In the above description, a pattern in which the brightness changes in an oblique direction is used as the brightness inclination pattern for detecting the beam position deviation, but a pattern in which the brightness changes in the horizontal and vertical directions may be used. .

〔The invention's effect〕

According to the present invention, a tilted pattern is generated on the screen, and the tilted pattern is received by a sensor arranged at a predetermined position, so that the beam position can be measured with high accuracy without using a color camera. Further, since it is not necessary to use a color camera, the device is small and inexpensive. Further, the beam position can be similarly measured by the PAL method or the NTSC method.

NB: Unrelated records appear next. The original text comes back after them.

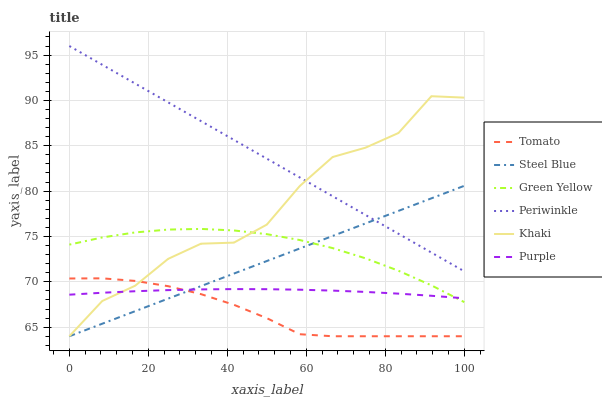Does Khaki have the minimum area under the curve?
Answer yes or no. No. Does Khaki have the maximum area under the curve?
Answer yes or no. No. Is Purple the smoothest?
Answer yes or no. No. Is Purple the roughest?
Answer yes or no. No. Does Purple have the lowest value?
Answer yes or no. No. Does Khaki have the highest value?
Answer yes or no. No. Is Green Yellow less than Periwinkle?
Answer yes or no. Yes. Is Periwinkle greater than Tomato?
Answer yes or no. Yes. Does Green Yellow intersect Periwinkle?
Answer yes or no. No.

[Brief description of drawings]

FIG. 1 is a perspective view showing the overall configuration of an embodiment of the present invention,
FIG. 2 is a perspective view used for explaining the mounting of the pickup in one embodiment of the present invention, FIG. 3 is a plan view used for explaining the arrangement of the sensors in one embodiment of the present invention, and FIG. The connecting portion of the sensor output portion in the embodiment, FIGS. 5, 6 and 7 are graphs used for explaining one embodiment of the present invention, and FIGS. 8 and 9 use one embodiment of the present invention. FIG. 10 is a schematic diagram used for explaining the case of measuring the beam position deviation by means of FIG. 10, and FIG. 10 is a flow chart used for explaining the case of performing the convergence adjustment using the embodiment of the present invention. Description of main symbols in the drawings 1: Television receiver, 3: Computer, 4: Pickup, S (1,1) to S (7,9): Photodiode.

Claims (1)

[Claims] 1. A pattern generating means for generating an inclined pattern in which a brightness level gradually changes at a predetermined change rate so that a change in the brightness level at a predetermined position and a beam shift correspond to each other, and a measured object. A sensor is provided for detecting the brightness level at a predetermined position on the surface of the color cathode ray tube, and it has a pickup means and a calculation means for calculating the positional deviation of the beam based on the detection output of the sensor. , The inclination pattern is projected on the tube surface of the color cathode ray tube to be measured, the pickup means is attached to the tube surface of the color cathode ray tube to be measured, and the brightness at a predetermined position on the tube surface of the color cathode ray tube is measured. The level is detected, and the calculation means uses the correspondence between the change in the brightness level at the predetermined position and the deviation of the beam to determine the brightness at the predetermined position on the tube surface of the color cathode ray tube to be measured. It performs an arithmetic operation for converting the change in the level of positional deviation of the beam from the reference position,
A beam position shift measuring device for determining the beam position shift of the color cathode ray tube to be measured.